- _Exercise aim_
Set down exactly the lines from the first line of the records through the line that contains "text Terinzagelegging [248, 318, 1152, 344]", and leave every picture out.

- _Records shown_
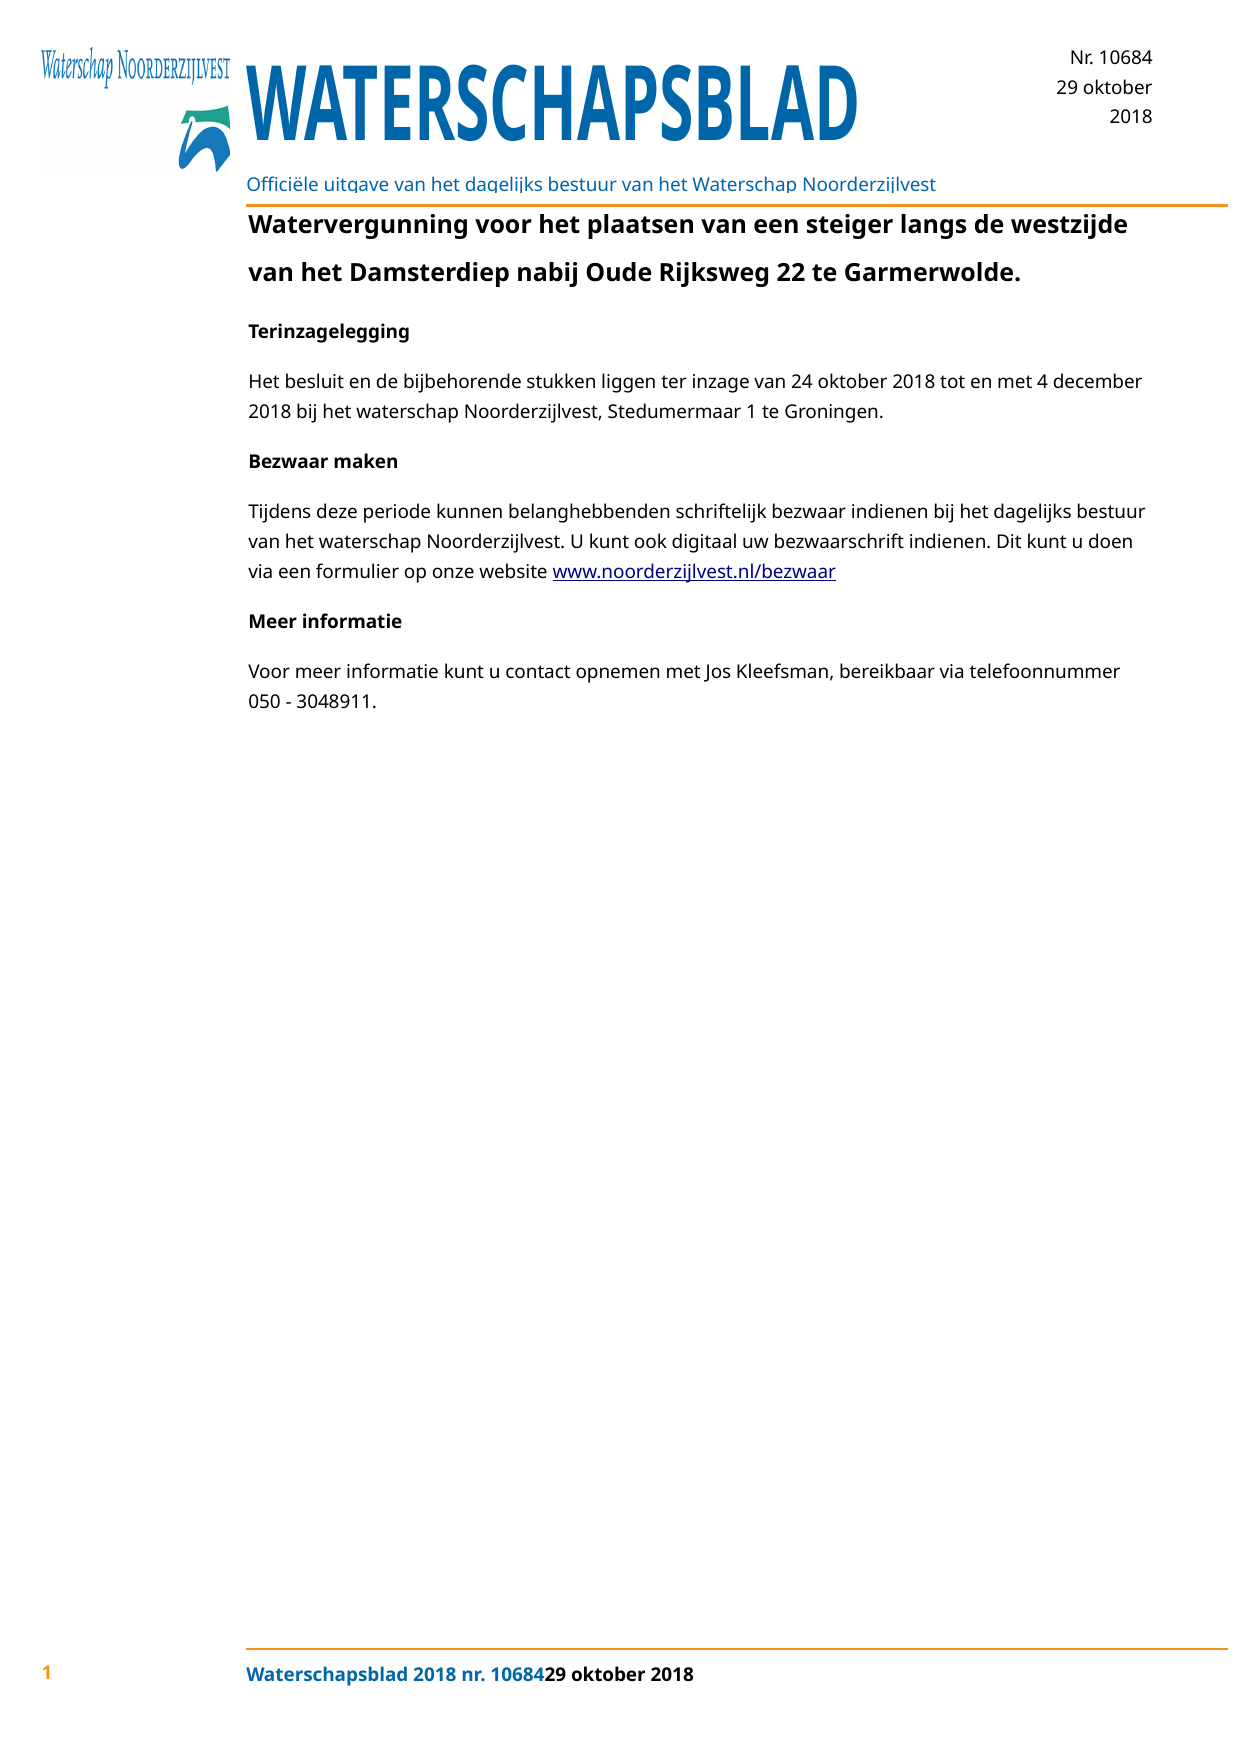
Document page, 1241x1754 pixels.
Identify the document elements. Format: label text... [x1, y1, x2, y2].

text Meer informatie [248, 608, 1152, 634]
text Terinzagelegging [248, 318, 1152, 344]
text Tijdens deze periode kunnen belanghebbenden schriftelijk bezwaar indienen bij het dagelijks bestuur van het waterschap Noorderzijlvest. U kunt ook digitaal uw bezwaarschrift indienen. Dit kunt u doen via een formulier op onze website www.noorderzijlvest.nl/bezwaar [248, 499, 1152, 584]
text Watervergunning voor het plaatsen van een steiger langs de westzijde van het Damsterdiep nabij Oude Rijksweg 22 te Garmerwolde. [248, 207, 1152, 288]
text Bezwaar maken [248, 448, 1152, 474]
text Voor meer informatie kunt u contact opnemen met Jos Kleefsman, bereikbaar via telefoonnummer 050 - 3048911. [248, 659, 1152, 714]
picture [41, 47, 231, 172]
text Het besluit en de bijbehorende stukken liggen ter inzage van 24 oktober 2018 tot en met 4 december 2018 bij het waterschap Noorderzijlvest, Stedumermaar 1 te Groningen. [248, 368, 1152, 424]
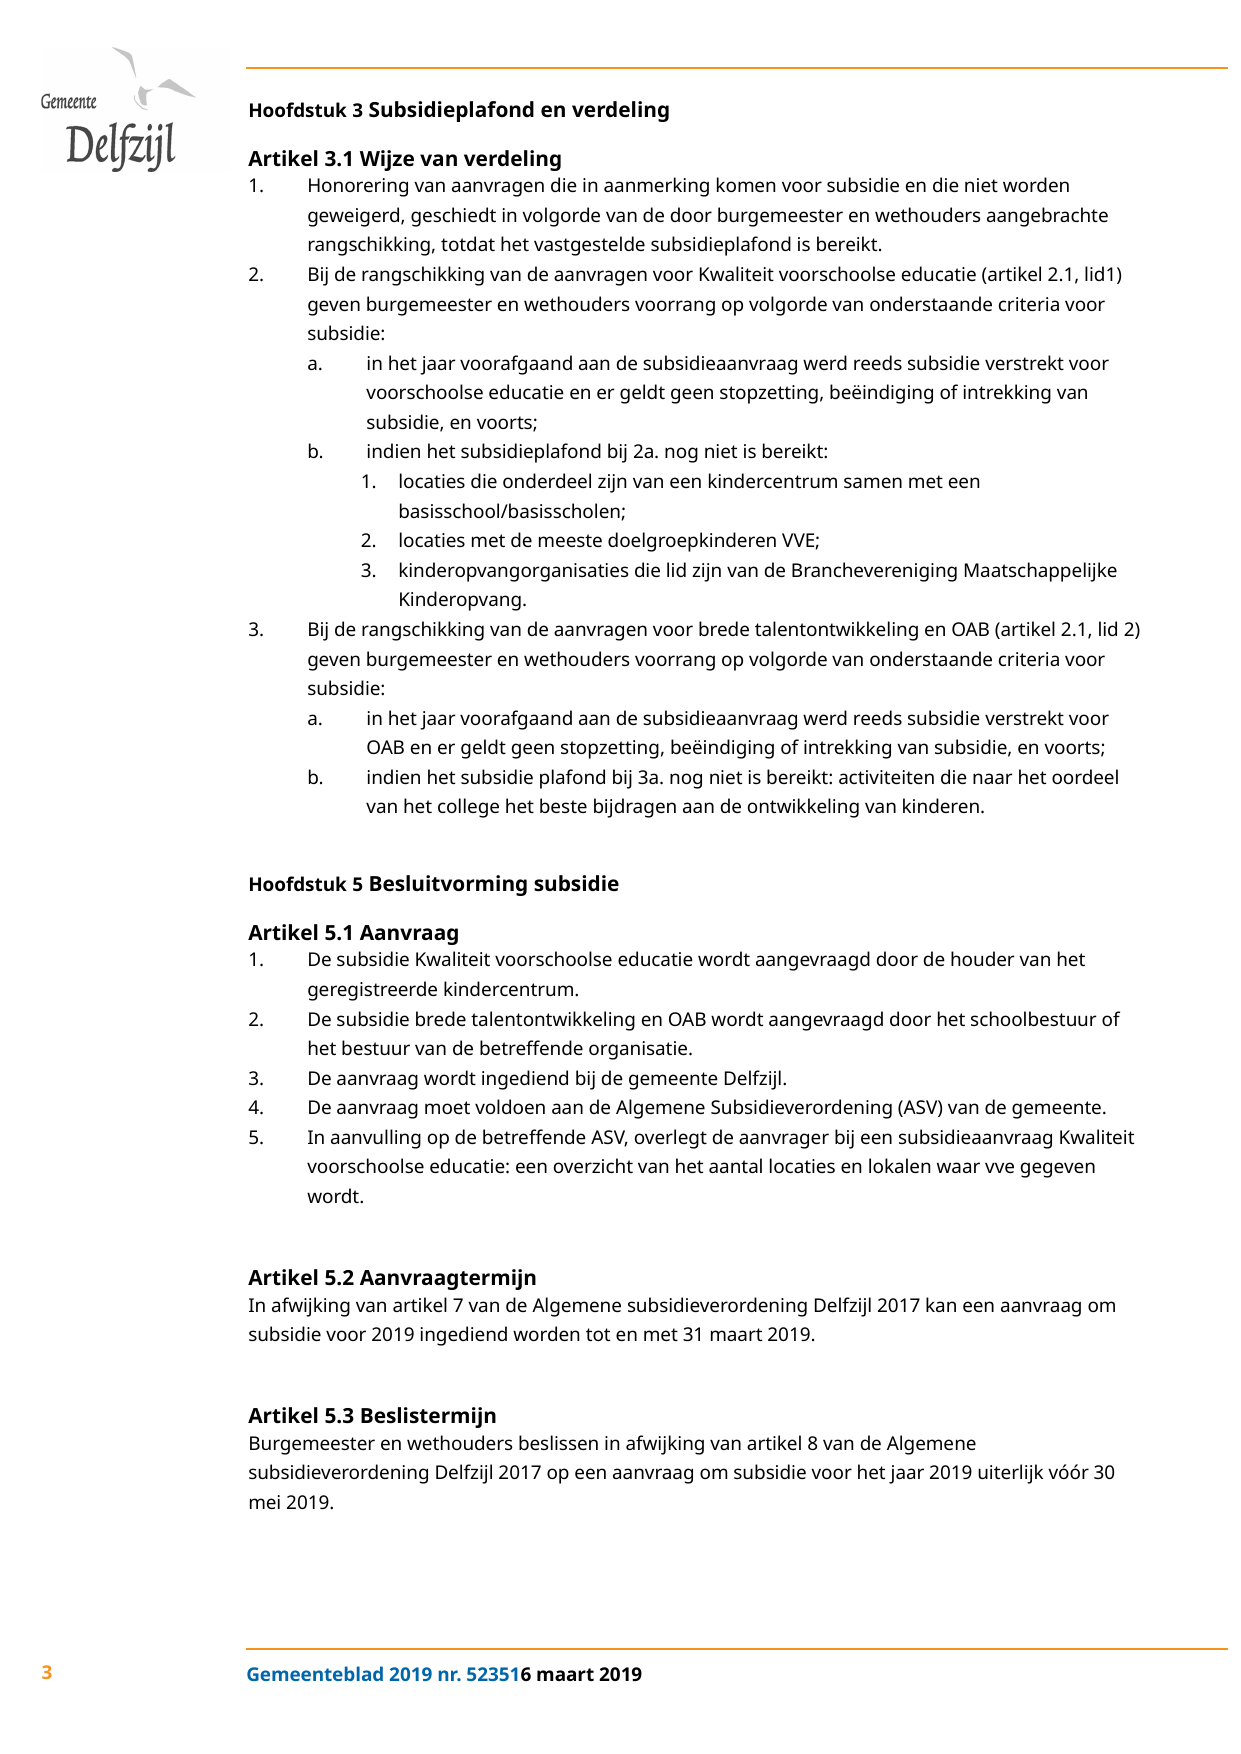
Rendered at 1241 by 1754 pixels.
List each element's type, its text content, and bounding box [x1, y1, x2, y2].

list De subsidie Kwaliteit voorschoolse educatie wordt aangevraagd door de houder van het geregistreerde kindercentrum. [248, 947, 1152, 1002]
list in het jaar voorafgaand aan de subsidieaanvraag werd reeds subsidie verstrekt voor voorschoolse educatie en er geldt geen stopzetting, beëindiging of intrekking van subsidie, en voorts; [307, 350, 1152, 435]
text Hoofdstuk 5 Besluitvorming subsidie [248, 869, 1152, 897]
text Artikel 5.2 Aanvraagtermijn [248, 1263, 1152, 1292]
text Burgemeester en wethouders beslissen in afwijking van artikel 8 van de Algemene subsidieverordening Delfzijl 2017 op een aanvraag om subsidie voor het jaar 2019 uiterlijk vóór 30 mei 2019. [248, 1430, 1152, 1515]
list indien het subsidie plafond bij 3a. nog niet is bereikt: activiteiten die naar het oordeel van het college het beste bijdragen aan de ontwikkeling van kinderen. [307, 764, 1152, 819]
text Artikel 3.1 Wijze van verdeling [248, 144, 1152, 172]
text Artikel 5.1 Aanvraag [248, 918, 1152, 947]
list in het jaar voorafgaand aan de subsidieaanvraag werd reeds subsidie verstrekt voor OAB en er geldt geen stopzetting, beëindiging of intrekking van subsidie, en voorts; [307, 705, 1152, 760]
list In aanvulling op de betreffende ASV, overlegt de aanvrager bij een subsidieaanvraag Kwaliteit voorschoolse educatie: een overzicht van het aantal locaties en lokalen waar vve gegeven wordt. [248, 1124, 1152, 1209]
list indien het subsidieplafond bij 2a. nog niet is bereikt: [307, 439, 1152, 464]
text In afwijking van artikel 7 van de Algemene subsidieverordening Delfzijl 2017 kan een aanvraag om subsidie voor 2019 ingediend worden tot en met 31 maart 2019. [248, 1292, 1152, 1347]
text Artikel 5.3 Beslistermijn [248, 1401, 1152, 1430]
text Hoofdstuk 3 Subsidieplafond en verdeling [248, 95, 1152, 123]
list De aanvraag wordt ingediend bij de gemeente Delfzijl. [248, 1065, 1152, 1091]
list Bij de rangschikking van de aanvragen voor brede talentontwikkeling en OAB (artikel 2.1, lid 2) geven burgemeester en wethouders voorrang op volgorde van onderstaande criteria voor subsidie: [248, 616, 1152, 701]
list De subsidie brede talentontwikkeling en OAB wordt aangevraagd door het schoolbestuur of het bestuur van de betreffende organisatie. [248, 1006, 1152, 1061]
list locaties met de meeste doelgroepkinderen VVE; [361, 527, 1152, 553]
list locaties die onderdeel zijn van een kindercentrum samen met een basisschool/basisscholen; [361, 468, 1152, 524]
list Bij de rangschikking van de aanvragen voor Kwaliteit voorschoolse educatie (artikel 2.1, lid1) geven burgemeester en wethouders voorrang op volgorde van onderstaande criteria voor subsidie: [248, 261, 1152, 346]
list De aanvraag moet voldoen aan de Algemene Subsidieverordening (ASV) van de gemeente. [248, 1094, 1152, 1120]
picture [41, 47, 231, 172]
list kinderopvangorganisaties die lid zijn van de Branchevereniging Maatschappelijke Kinderopvang. [361, 557, 1152, 612]
list Honorering van aanvragen die in aanmerking komen voor subsidie en die niet worden geweigerd, geschiedt in volgorde van de door burgemeester en wethouders aangebrachte rangschikking, totdat het vastgestelde subsidieplafond is bereikt. [248, 172, 1152, 257]

- _Exercise result_
Document page, 1241x1754 pixels.
Identify the document elements. Format: label text... [x1, y1, x2, y2].

text Meer informatie [248, 608, 1152, 634]
text Terinzagelegging [248, 318, 1152, 344]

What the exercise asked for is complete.